Review: 'Late Night' not ready for prime time

Emma Thompson and Mindy Kaling star in muddled film set in late night world of network TV

Adam Graham
Detroit News Film Critic
Reid Scott and Mindy Kaling in "Late Night."

A complacent TV host's world is shaken up with a new arrival on her writing staff in "Late Night," a film which wrestles with gender and racial politics but never settles on a clear point of view. 

"Late Night's" lack of commitment goes all the way to the top: it can't decide if it's the story of Katherine Newbury (Emma Thompson), the long-running host of a late night network talk show, or Molly Patel (Mindy Kaling, who also wrote the script), the chemical plant worker who lands her dream job as a writer on Newbury's show. 

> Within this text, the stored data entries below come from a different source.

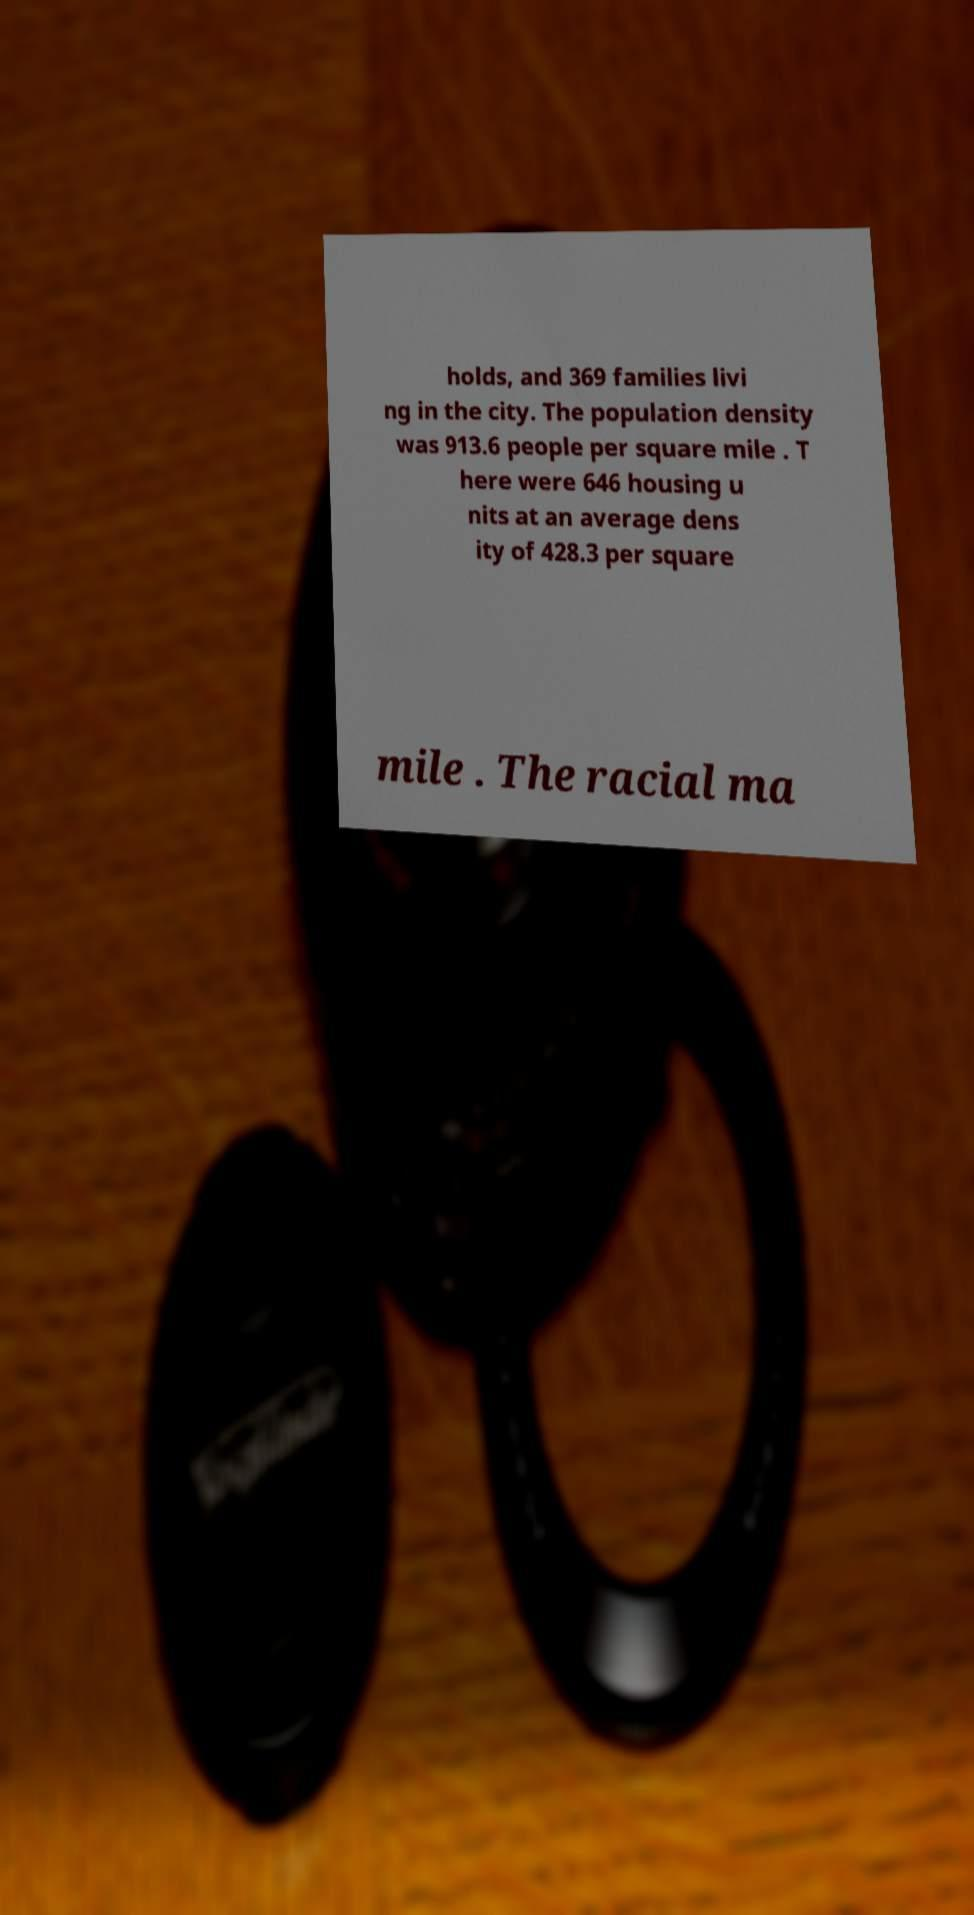What messages or text are displayed in this image? I need them in a readable, typed format. holds, and 369 families livi ng in the city. The population density was 913.6 people per square mile . T here were 646 housing u nits at an average dens ity of 428.3 per square mile . The racial ma 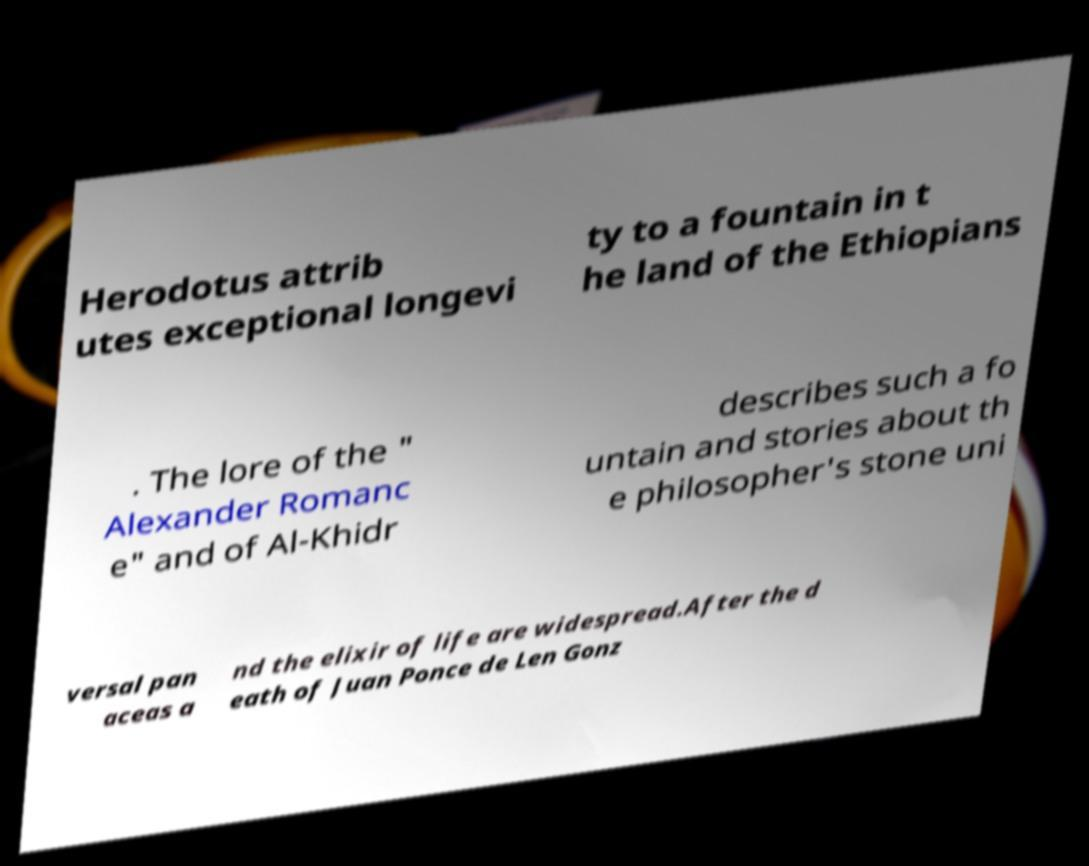Can you accurately transcribe the text from the provided image for me? Herodotus attrib utes exceptional longevi ty to a fountain in t he land of the Ethiopians . The lore of the " Alexander Romanc e" and of Al-Khidr describes such a fo untain and stories about th e philosopher's stone uni versal pan aceas a nd the elixir of life are widespread.After the d eath of Juan Ponce de Len Gonz 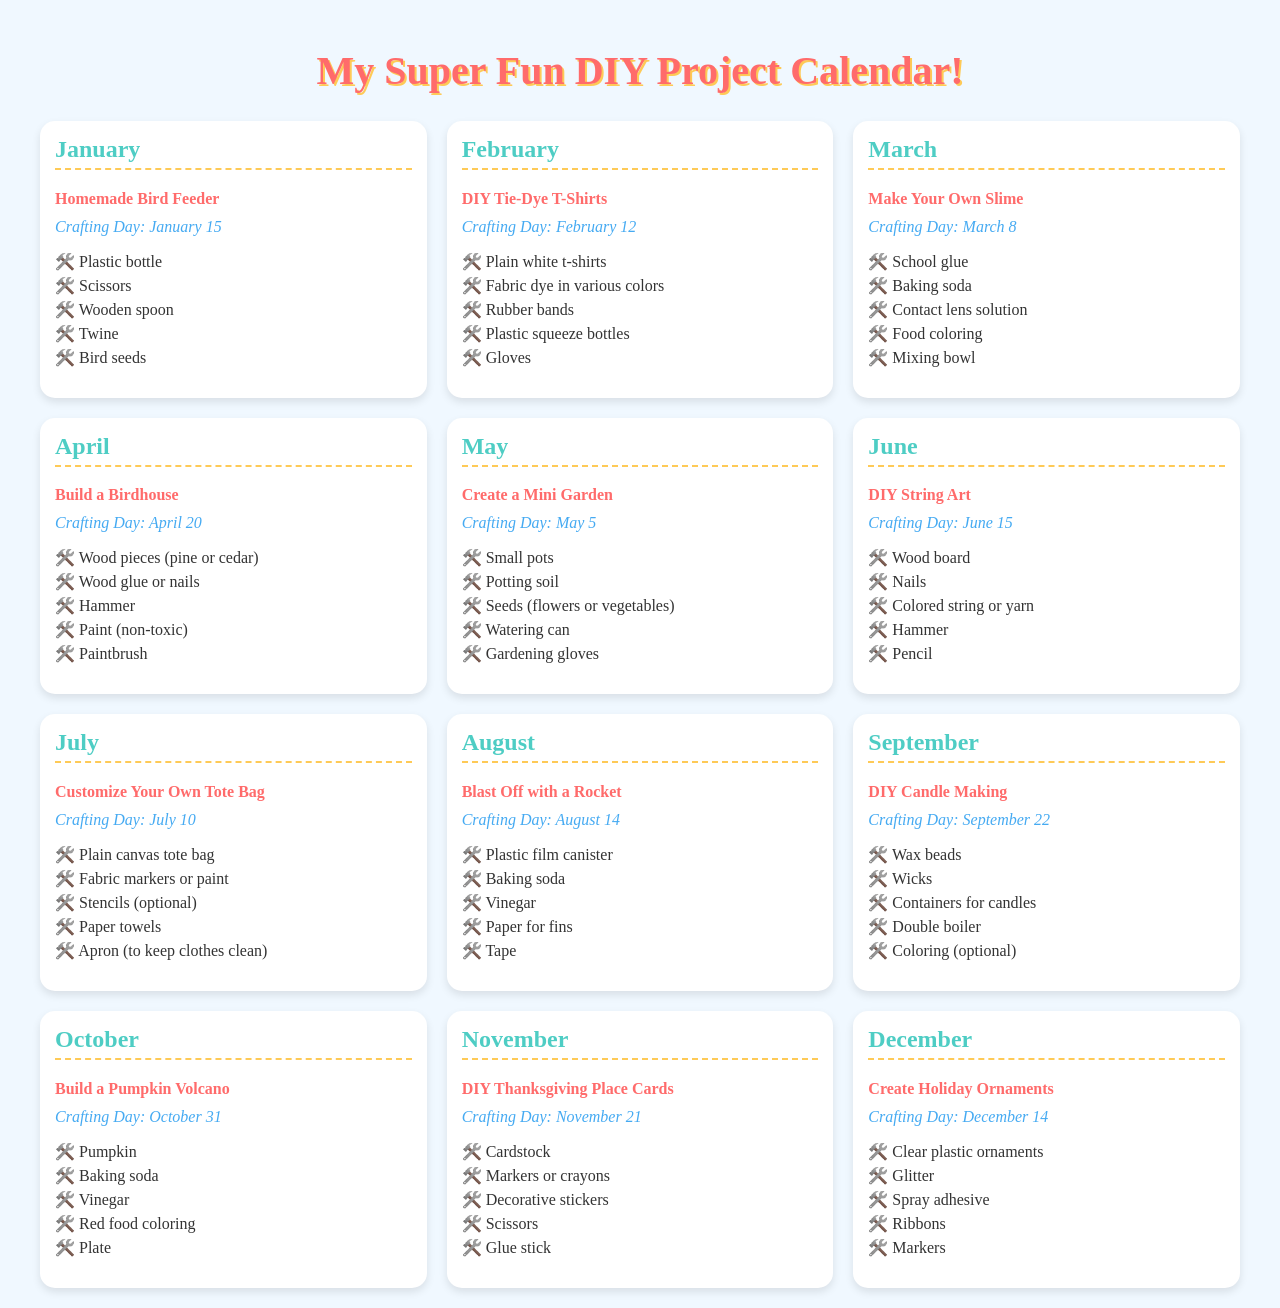What is the project for January? The project for January is stated clearly in the document as "Homemade Bird Feeder."
Answer: Homemade Bird Feeder When is the crafting day for March? The document provides a specific date for crafting in March, which is March 8.
Answer: March 8 How many projects are scheduled for the month of June? The document lists one project for June, which is "DIY String Art."
Answer: 1 What materials do you need for the August project? The document lists the materials for the August project "Blast Off with a Rocket."
Answer: Plastic film canister, Baking soda, Vinegar, Paper for fins, Tape Which project involves seeds? The project that includes seeds is detailed in the document as "Create a Mini Garden."
Answer: Create a Mini Garden What is the crafting day for November? The crafting day for November is specified as November 21 in the document.
Answer: November 21 Which month features the project for making candles? The document clearly states that DIY Candle Making is scheduled for September.
Answer: September What tool is needed for building a birdhouse? The document mentions hammer as a tool required for the April project "Build a Birdhouse."
Answer: Hammer What type of glue is used for the slime project? The document specifies that school glue is needed for the March project "Make Your Own Slime."
Answer: School glue 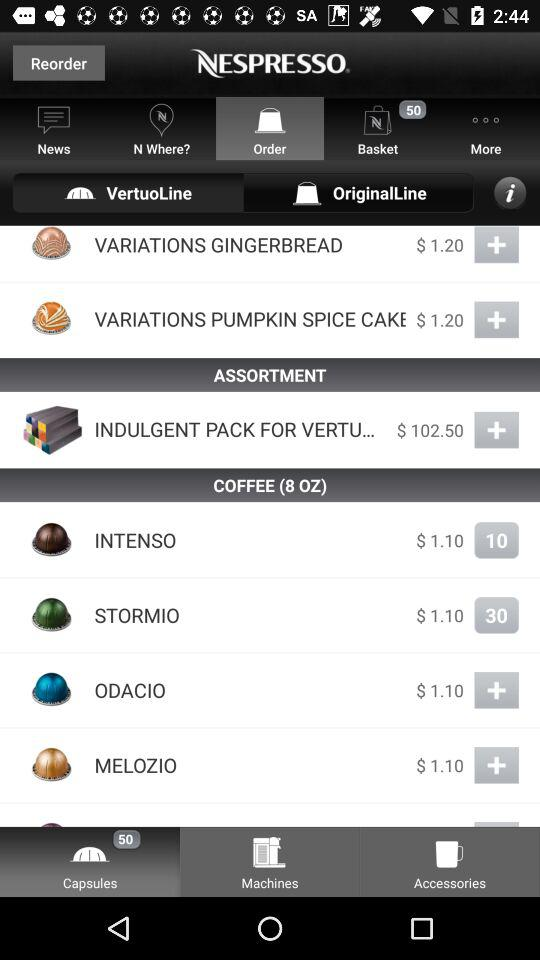What is the price of "VARIATIONS PUMPKIN SPICE CAKE"? The price of "VARIATIONS PUMPKIN SPICE CAKE" is $1.20. 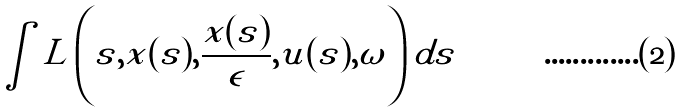<formula> <loc_0><loc_0><loc_500><loc_500>\int L \left ( s , x ( s ) , \frac { x ( s ) } { \epsilon } , u ( s ) , \omega \right ) d s</formula> 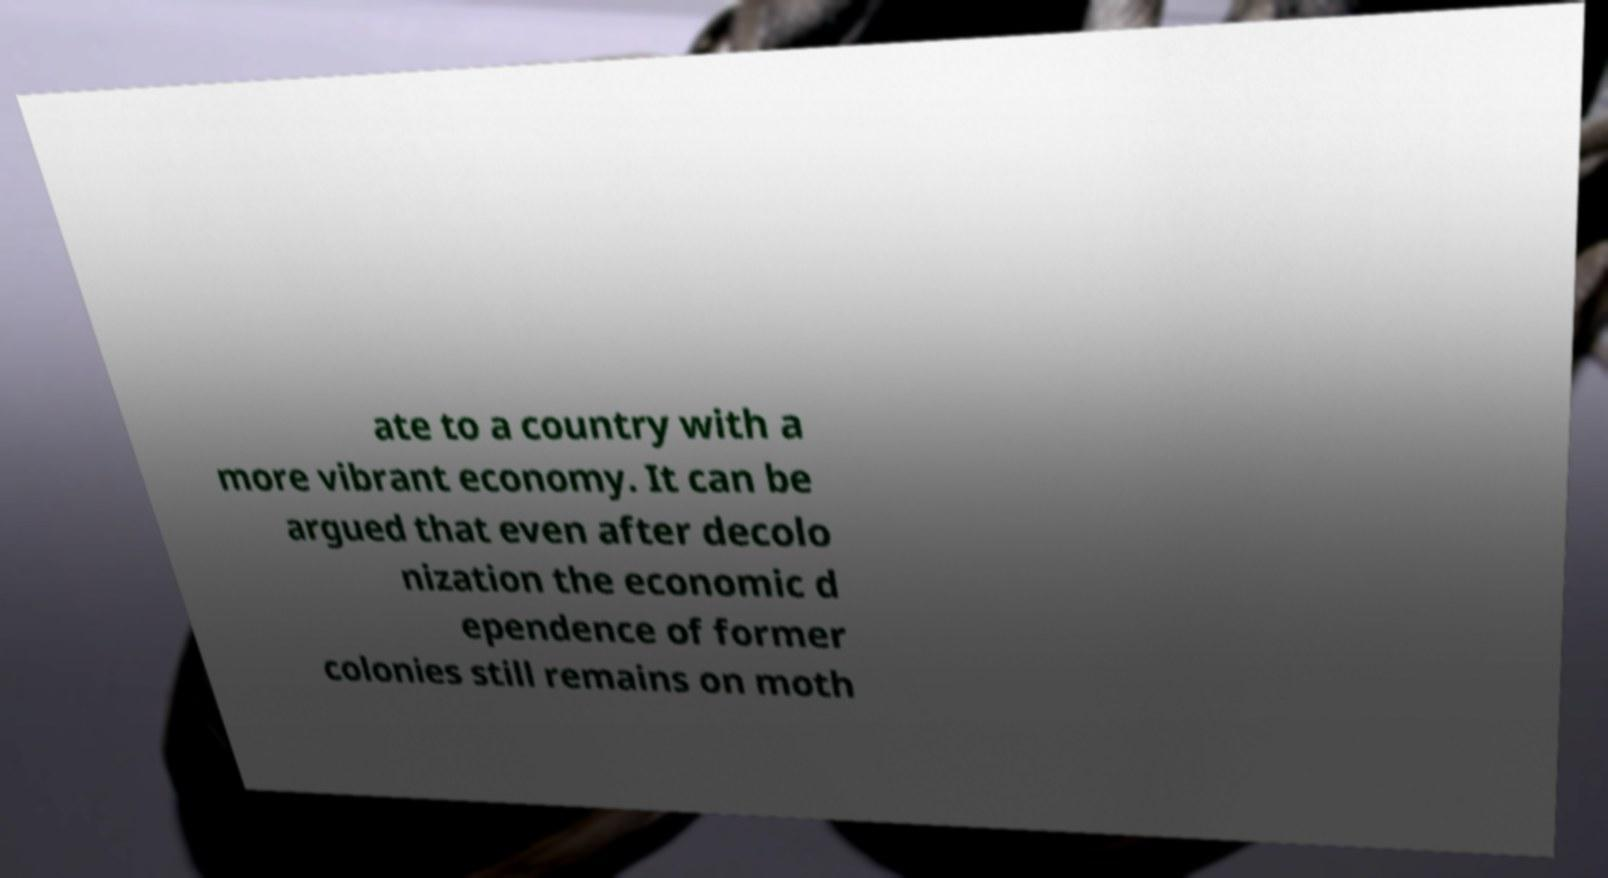Please read and relay the text visible in this image. What does it say? ate to a country with a more vibrant economy. It can be argued that even after decolo nization the economic d ependence of former colonies still remains on moth 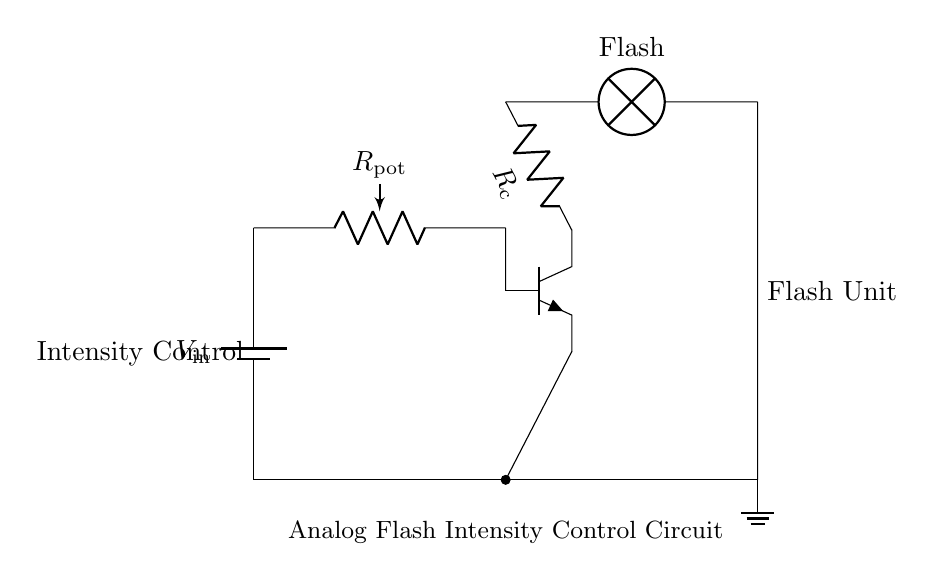What component is used for intensity control? The circuit features a potentiometer labeled as R_pot, which is designed to adjust the intensity of the flash by varying the resistance in the circuit.
Answer: R_pot What type of transistor is used in this circuit? The circuit includes an NPN transistor indicated by the label at the transistor symbol (Q), which provides amplification and control of the current flowing to the flash unit.
Answer: NPN What is the role of the resistor in this circuit? The resistor labeled as R_c in the circuit serves to limit the current flowing through the flash unit, protecting it from excessive current that could cause damage or failure.
Answer: Limit current How does the potentiometer affect the flash intensity? The potentiometer alters the resistance in the circuit, which changes the voltage and current through the transistor, thereby controlling how brightly the flash unit lights up.
Answer: Adjusts voltage Where is the flash unit located in the circuit? The flash unit is positioned to the right of the transistor in the circuit, directly connected to it and represented by a lamp symbol, indicating its function.
Answer: Right side What is connected at the bottom of the circuit? The bottom of the circuit is connected to a ground node, which serves as a common reference point for all components in the circuit, ensuring stable operation.
Answer: Ground What happens if the potentiometer is turned to maximum resistance? When the potentiometer is set to maximum resistance, the current flowing to the flash unit decreases significantly, resulting in a dimmer flash output.
Answer: Flash dims 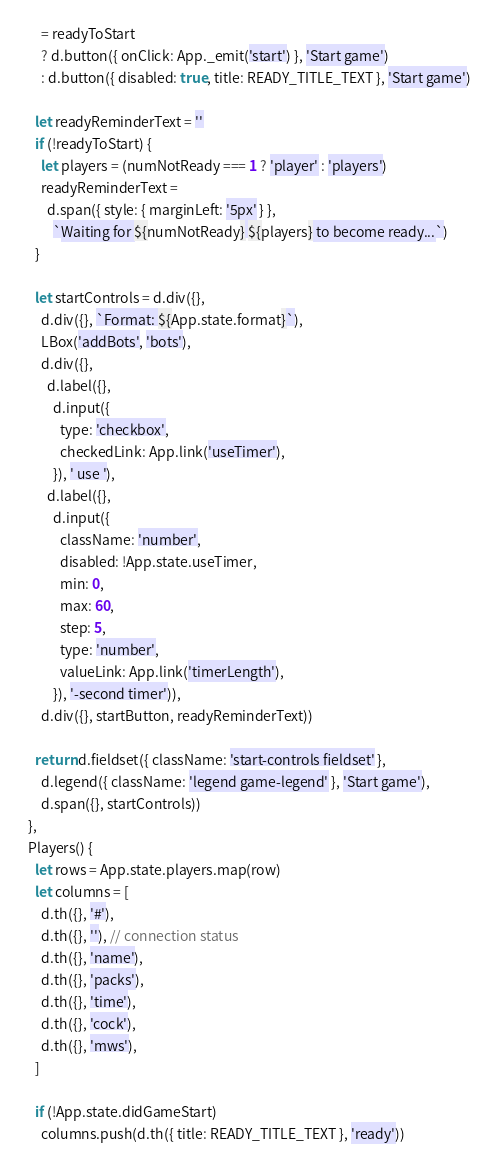<code> <loc_0><loc_0><loc_500><loc_500><_JavaScript_>      = readyToStart
      ? d.button({ onClick: App._emit('start') }, 'Start game')
      : d.button({ disabled: true, title: READY_TITLE_TEXT }, 'Start game')

    let readyReminderText = ''
    if (!readyToStart) {
      let players = (numNotReady === 1 ? 'player' : 'players')
      readyReminderText =
        d.span({ style: { marginLeft: '5px' } },
          `Waiting for ${numNotReady} ${players} to become ready...`)
    }

    let startControls = d.div({},
      d.div({}, `Format: ${App.state.format}`),
      LBox('addBots', 'bots'),
      d.div({},
        d.label({},
          d.input({
            type: 'checkbox',
            checkedLink: App.link('useTimer'),
          }), ' use '),
        d.label({},
          d.input({
            className: 'number',
            disabled: !App.state.useTimer,
            min: 0,
            max: 60,
            step: 5,
            type: 'number',
            valueLink: App.link('timerLength'),
          }), '-second timer')),
      d.div({}, startButton, readyReminderText))

    return d.fieldset({ className: 'start-controls fieldset' },
      d.legend({ className: 'legend game-legend' }, 'Start game'),
      d.span({}, startControls))
  },
  Players() {
    let rows = App.state.players.map(row)
    let columns = [
      d.th({}, '#'),
      d.th({}, ''), // connection status
      d.th({}, 'name'),
      d.th({}, 'packs'),
      d.th({}, 'time'),
      d.th({}, 'cock'),
      d.th({}, 'mws'),
    ]

    if (!App.state.didGameStart)
      columns.push(d.th({ title: READY_TITLE_TEXT }, 'ready'))
</code>

When Patel arrives — she lands an interview through an essay-writing contest for the network's parent company — it's at a time when Newbury, a stuck-in-the-past TV veteran who refuses to step into the now, is in such desperate need of a female writer that anyone with two X chromosomes will do. So Patel is hired, as if posh TV writing gigs are just handed out like flyers on a street corner.

Patel is the lone non-white, non-male on a staff of writers Newbury has never even met; when Newbury begrudgingly enters the writing room, she refers to her staffers by number, and is shocked to learn of the death of a co-worker seven years prior.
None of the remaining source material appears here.